WHAT YOU WILL DO -> Print every entry below exactly, leaving out the pictures.
*** PROVIDED MATERIAL
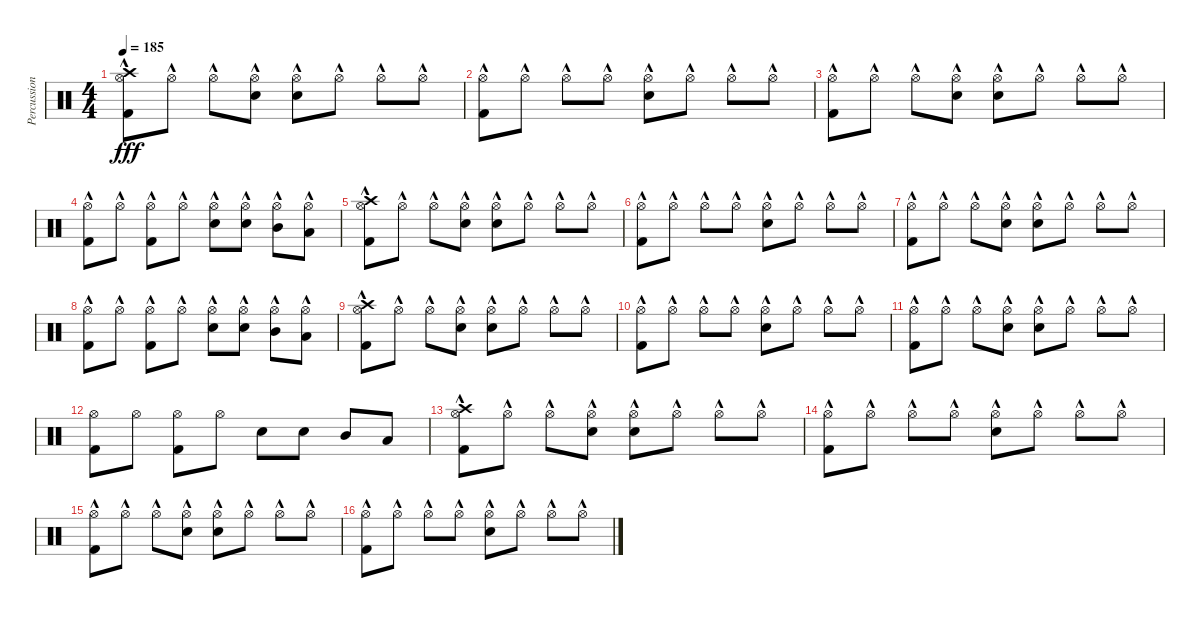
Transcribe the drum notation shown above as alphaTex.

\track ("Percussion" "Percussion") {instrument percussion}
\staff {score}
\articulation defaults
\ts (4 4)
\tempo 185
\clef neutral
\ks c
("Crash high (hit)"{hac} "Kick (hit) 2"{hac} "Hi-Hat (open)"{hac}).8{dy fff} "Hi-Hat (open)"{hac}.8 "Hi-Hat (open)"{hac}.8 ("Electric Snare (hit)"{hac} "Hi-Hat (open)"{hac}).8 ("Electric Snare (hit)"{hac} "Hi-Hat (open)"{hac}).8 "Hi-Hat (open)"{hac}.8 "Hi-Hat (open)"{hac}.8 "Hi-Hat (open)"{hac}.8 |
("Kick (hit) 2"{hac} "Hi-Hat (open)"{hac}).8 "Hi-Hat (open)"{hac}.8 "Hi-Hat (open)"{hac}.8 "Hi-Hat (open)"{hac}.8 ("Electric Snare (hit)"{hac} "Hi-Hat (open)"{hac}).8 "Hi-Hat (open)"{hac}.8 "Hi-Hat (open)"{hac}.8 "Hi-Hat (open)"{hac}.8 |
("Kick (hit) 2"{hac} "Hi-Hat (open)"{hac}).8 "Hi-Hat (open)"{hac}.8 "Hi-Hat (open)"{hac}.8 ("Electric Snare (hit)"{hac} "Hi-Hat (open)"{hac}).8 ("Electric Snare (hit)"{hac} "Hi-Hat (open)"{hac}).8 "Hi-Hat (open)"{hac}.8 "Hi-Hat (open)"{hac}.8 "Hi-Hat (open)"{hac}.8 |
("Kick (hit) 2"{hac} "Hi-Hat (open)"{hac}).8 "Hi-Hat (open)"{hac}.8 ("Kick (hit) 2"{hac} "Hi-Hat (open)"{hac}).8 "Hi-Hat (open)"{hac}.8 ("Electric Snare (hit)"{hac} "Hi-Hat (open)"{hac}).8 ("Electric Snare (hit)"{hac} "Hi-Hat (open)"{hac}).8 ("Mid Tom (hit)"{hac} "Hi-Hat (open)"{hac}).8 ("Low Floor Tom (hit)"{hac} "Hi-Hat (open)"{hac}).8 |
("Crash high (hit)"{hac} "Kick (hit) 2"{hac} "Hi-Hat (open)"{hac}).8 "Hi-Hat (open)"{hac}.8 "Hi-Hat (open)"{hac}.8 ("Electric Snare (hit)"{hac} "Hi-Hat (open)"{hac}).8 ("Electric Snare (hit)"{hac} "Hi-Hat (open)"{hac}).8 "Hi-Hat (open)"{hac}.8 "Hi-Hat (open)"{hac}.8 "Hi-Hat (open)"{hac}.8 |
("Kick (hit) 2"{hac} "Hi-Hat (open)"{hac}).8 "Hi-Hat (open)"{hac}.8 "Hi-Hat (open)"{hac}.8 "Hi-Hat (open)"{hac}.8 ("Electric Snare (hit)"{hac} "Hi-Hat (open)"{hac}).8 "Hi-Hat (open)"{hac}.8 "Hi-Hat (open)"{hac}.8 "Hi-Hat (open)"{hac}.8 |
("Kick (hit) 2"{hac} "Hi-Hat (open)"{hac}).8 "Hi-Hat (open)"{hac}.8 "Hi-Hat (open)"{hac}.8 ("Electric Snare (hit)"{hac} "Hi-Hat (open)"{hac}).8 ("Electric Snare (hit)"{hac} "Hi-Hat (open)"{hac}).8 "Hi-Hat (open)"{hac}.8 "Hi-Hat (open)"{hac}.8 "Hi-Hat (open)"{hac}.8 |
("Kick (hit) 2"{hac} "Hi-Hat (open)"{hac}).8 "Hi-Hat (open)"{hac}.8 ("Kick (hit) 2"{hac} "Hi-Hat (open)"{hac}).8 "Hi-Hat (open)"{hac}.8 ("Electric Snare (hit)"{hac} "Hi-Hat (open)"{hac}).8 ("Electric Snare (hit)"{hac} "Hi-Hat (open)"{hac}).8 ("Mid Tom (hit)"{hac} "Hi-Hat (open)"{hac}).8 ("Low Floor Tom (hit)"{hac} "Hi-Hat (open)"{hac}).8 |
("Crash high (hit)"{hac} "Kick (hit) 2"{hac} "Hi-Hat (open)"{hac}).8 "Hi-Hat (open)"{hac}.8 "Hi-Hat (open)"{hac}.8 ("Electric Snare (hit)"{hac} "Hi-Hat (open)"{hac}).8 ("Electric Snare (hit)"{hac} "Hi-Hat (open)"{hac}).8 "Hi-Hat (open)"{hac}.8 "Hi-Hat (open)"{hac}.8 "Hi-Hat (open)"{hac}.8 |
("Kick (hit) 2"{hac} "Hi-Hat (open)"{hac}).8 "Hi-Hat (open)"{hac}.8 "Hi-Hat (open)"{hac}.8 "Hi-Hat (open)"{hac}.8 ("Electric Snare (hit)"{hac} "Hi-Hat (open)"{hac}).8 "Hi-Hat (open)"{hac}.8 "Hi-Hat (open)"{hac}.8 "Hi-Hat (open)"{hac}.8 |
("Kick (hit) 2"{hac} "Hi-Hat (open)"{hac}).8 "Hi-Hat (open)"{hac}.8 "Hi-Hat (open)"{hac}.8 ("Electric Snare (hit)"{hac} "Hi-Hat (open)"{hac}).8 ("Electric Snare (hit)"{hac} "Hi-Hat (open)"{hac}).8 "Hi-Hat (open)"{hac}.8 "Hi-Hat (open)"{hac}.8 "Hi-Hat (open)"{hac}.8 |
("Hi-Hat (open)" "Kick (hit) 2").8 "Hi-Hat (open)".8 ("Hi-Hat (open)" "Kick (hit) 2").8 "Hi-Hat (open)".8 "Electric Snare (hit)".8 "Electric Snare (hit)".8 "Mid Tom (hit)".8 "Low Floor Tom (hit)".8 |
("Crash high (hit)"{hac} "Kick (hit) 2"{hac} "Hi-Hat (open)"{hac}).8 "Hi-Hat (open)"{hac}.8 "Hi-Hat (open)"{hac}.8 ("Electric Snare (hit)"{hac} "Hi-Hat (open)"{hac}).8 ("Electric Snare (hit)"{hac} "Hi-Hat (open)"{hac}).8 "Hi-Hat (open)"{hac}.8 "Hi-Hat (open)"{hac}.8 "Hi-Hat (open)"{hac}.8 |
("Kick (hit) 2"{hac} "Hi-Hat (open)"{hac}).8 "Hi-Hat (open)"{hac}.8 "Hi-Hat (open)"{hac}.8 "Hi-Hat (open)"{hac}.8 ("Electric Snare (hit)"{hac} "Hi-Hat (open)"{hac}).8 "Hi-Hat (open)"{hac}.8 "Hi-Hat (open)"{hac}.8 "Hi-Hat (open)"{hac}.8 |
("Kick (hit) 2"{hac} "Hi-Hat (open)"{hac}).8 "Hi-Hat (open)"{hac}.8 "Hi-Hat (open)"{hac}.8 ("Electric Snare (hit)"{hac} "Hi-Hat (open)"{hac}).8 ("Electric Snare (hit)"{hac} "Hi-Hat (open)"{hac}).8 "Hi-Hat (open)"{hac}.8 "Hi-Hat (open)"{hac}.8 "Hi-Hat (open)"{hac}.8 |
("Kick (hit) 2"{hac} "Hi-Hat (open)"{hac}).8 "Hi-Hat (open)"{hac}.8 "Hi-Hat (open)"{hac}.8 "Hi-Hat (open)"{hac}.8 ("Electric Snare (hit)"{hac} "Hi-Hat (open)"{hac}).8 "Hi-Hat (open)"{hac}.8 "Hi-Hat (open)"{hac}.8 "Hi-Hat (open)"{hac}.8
******
ANSWER BOX ->
Transcribe the drum notation shown above as alphaTex.

\track ("Percussion" "Percussion") {instrument percussion}
\staff {score}
\articulation defaults
\ts (4 4)
\tempo 185
\clef neutral
\ks c
("Crash high (hit)"{hac} "Kick (hit) 2"{hac} "Hi-Hat (open)"{hac}).8{dy fff} "Hi-Hat (open)"{hac}.8 "Hi-Hat (open)"{hac}.8 ("Electric Snare (hit)"{hac} "Hi-Hat (open)"{hac}).8 ("Electric Snare (hit)"{hac} "Hi-Hat (open)"{hac}).8 "Hi-Hat (open)"{hac}.8 "Hi-Hat (open)"{hac}.8 "Hi-Hat (open)"{hac}.8 |
("Kick (hit) 2"{hac} "Hi-Hat (open)"{hac}).8 "Hi-Hat (open)"{hac}.8 "Hi-Hat (open)"{hac}.8 "Hi-Hat (open)"{hac}.8 ("Electric Snare (hit)"{hac} "Hi-Hat (open)"{hac}).8 "Hi-Hat (open)"{hac}.8 "Hi-Hat (open)"{hac}.8 "Hi-Hat (open)"{hac}.8 |
("Kick (hit) 2"{hac} "Hi-Hat (open)"{hac}).8 "Hi-Hat (open)"{hac}.8 "Hi-Hat (open)"{hac}.8 ("Electric Snare (hit)"{hac} "Hi-Hat (open)"{hac}).8 ("Electric Snare (hit)"{hac} "Hi-Hat (open)"{hac}).8 "Hi-Hat (open)"{hac}.8 "Hi-Hat (open)"{hac}.8 "Hi-Hat (open)"{hac}.8 |
("Kick (hit) 2"{hac} "Hi-Hat (open)"{hac}).8 "Hi-Hat (open)"{hac}.8 ("Kick (hit) 2"{hac} "Hi-Hat (open)"{hac}).8 "Hi-Hat (open)"{hac}.8 ("Electric Snare (hit)"{hac} "Hi-Hat (open)"{hac}).8 ("Electric Snare (hit)"{hac} "Hi-Hat (open)"{hac}).8 ("Mid Tom (hit)"{hac} "Hi-Hat (open)"{hac}).8 ("Low Floor Tom (hit)"{hac} "Hi-Hat (open)"{hac}).8 |
("Crash high (hit)"{hac} "Kick (hit) 2"{hac} "Hi-Hat (open)"{hac}).8 "Hi-Hat (open)"{hac}.8 "Hi-Hat (open)"{hac}.8 ("Electric Snare (hit)"{hac} "Hi-Hat (open)"{hac}).8 ("Electric Snare (hit)"{hac} "Hi-Hat (open)"{hac}).8 "Hi-Hat (open)"{hac}.8 "Hi-Hat (open)"{hac}.8 "Hi-Hat (open)"{hac}.8 |
("Kick (hit) 2"{hac} "Hi-Hat (open)"{hac}).8 "Hi-Hat (open)"{hac}.8 "Hi-Hat (open)"{hac}.8 "Hi-Hat (open)"{hac}.8 ("Electric Snare (hit)"{hac} "Hi-Hat (open)"{hac}).8 "Hi-Hat (open)"{hac}.8 "Hi-Hat (open)"{hac}.8 "Hi-Hat (open)"{hac}.8 |
("Kick (hit) 2"{hac} "Hi-Hat (open)"{hac}).8 "Hi-Hat (open)"{hac}.8 "Hi-Hat (open)"{hac}.8 ("Electric Snare (hit)"{hac} "Hi-Hat (open)"{hac}).8 ("Electric Snare (hit)"{hac} "Hi-Hat (open)"{hac}).8 "Hi-Hat (open)"{hac}.8 "Hi-Hat (open)"{hac}.8 "Hi-Hat (open)"{hac}.8 |
("Kick (hit) 2"{hac} "Hi-Hat (open)"{hac}).8 "Hi-Hat (open)"{hac}.8 ("Kick (hit) 2"{hac} "Hi-Hat (open)"{hac}).8 "Hi-Hat (open)"{hac}.8 ("Electric Snare (hit)"{hac} "Hi-Hat (open)"{hac}).8 ("Electric Snare (hit)"{hac} "Hi-Hat (open)"{hac}).8 ("Mid Tom (hit)"{hac} "Hi-Hat (open)"{hac}).8 ("Low Floor Tom (hit)"{hac} "Hi-Hat (open)"{hac}).8 |
("Crash high (hit)"{hac} "Kick (hit) 2"{hac} "Hi-Hat (open)"{hac}).8 "Hi-Hat (open)"{hac}.8 "Hi-Hat (open)"{hac}.8 ("Electric Snare (hit)"{hac} "Hi-Hat (open)"{hac}).8 ("Electric Snare (hit)"{hac} "Hi-Hat (open)"{hac}).8 "Hi-Hat (open)"{hac}.8 "Hi-Hat (open)"{hac}.8 "Hi-Hat (open)"{hac}.8 |
("Kick (hit) 2"{hac} "Hi-Hat (open)"{hac}).8 "Hi-Hat (open)"{hac}.8 "Hi-Hat (open)"{hac}.8 "Hi-Hat (open)"{hac}.8 ("Electric Snare (hit)"{hac} "Hi-Hat (open)"{hac}).8 "Hi-Hat (open)"{hac}.8 "Hi-Hat (open)"{hac}.8 "Hi-Hat (open)"{hac}.8 |
("Kick (hit) 2"{hac} "Hi-Hat (open)"{hac}).8 "Hi-Hat (open)"{hac}.8 "Hi-Hat (open)"{hac}.8 ("Electric Snare (hit)"{hac} "Hi-Hat (open)"{hac}).8 ("Electric Snare (hit)"{hac} "Hi-Hat (open)"{hac}).8 "Hi-Hat (open)"{hac}.8 "Hi-Hat (open)"{hac}.8 "Hi-Hat (open)"{hac}.8 |
("Hi-Hat (open)" "Kick (hit) 2").8 "Hi-Hat (open)".8 ("Hi-Hat (open)" "Kick (hit) 2").8 "Hi-Hat (open)".8 "Electric Snare (hit)".8 "Electric Snare (hit)".8 "Mid Tom (hit)".8 "Low Floor Tom (hit)".8 |
("Crash high (hit)"{hac} "Kick (hit) 2"{hac} "Hi-Hat (open)"{hac}).8 "Hi-Hat (open)"{hac}.8 "Hi-Hat (open)"{hac}.8 ("Electric Snare (hit)"{hac} "Hi-Hat (open)"{hac}).8 ("Electric Snare (hit)"{hac} "Hi-Hat (open)"{hac}).8 "Hi-Hat (open)"{hac}.8 "Hi-Hat (open)"{hac}.8 "Hi-Hat (open)"{hac}.8 |
("Kick (hit) 2"{hac} "Hi-Hat (open)"{hac}).8 "Hi-Hat (open)"{hac}.8 "Hi-Hat (open)"{hac}.8 "Hi-Hat (open)"{hac}.8 ("Electric Snare (hit)"{hac} "Hi-Hat (open)"{hac}).8 "Hi-Hat (open)"{hac}.8 "Hi-Hat (open)"{hac}.8 "Hi-Hat (open)"{hac}.8 |
("Kick (hit) 2"{hac} "Hi-Hat (open)"{hac}).8 "Hi-Hat (open)"{hac}.8 "Hi-Hat (open)"{hac}.8 ("Electric Snare (hit)"{hac} "Hi-Hat (open)"{hac}).8 ("Electric Snare (hit)"{hac} "Hi-Hat (open)"{hac}).8 "Hi-Hat (open)"{hac}.8 "Hi-Hat (open)"{hac}.8 "Hi-Hat (open)"{hac}.8 |
("Kick (hit) 2"{hac} "Hi-Hat (open)"{hac}).8 "Hi-Hat (open)"{hac}.8 "Hi-Hat (open)"{hac}.8 "Hi-Hat (open)"{hac}.8 ("Electric Snare (hit)"{hac} "Hi-Hat (open)"{hac}).8 "Hi-Hat (open)"{hac}.8 "Hi-Hat (open)"{hac}.8 "Hi-Hat (open)"{hac}.8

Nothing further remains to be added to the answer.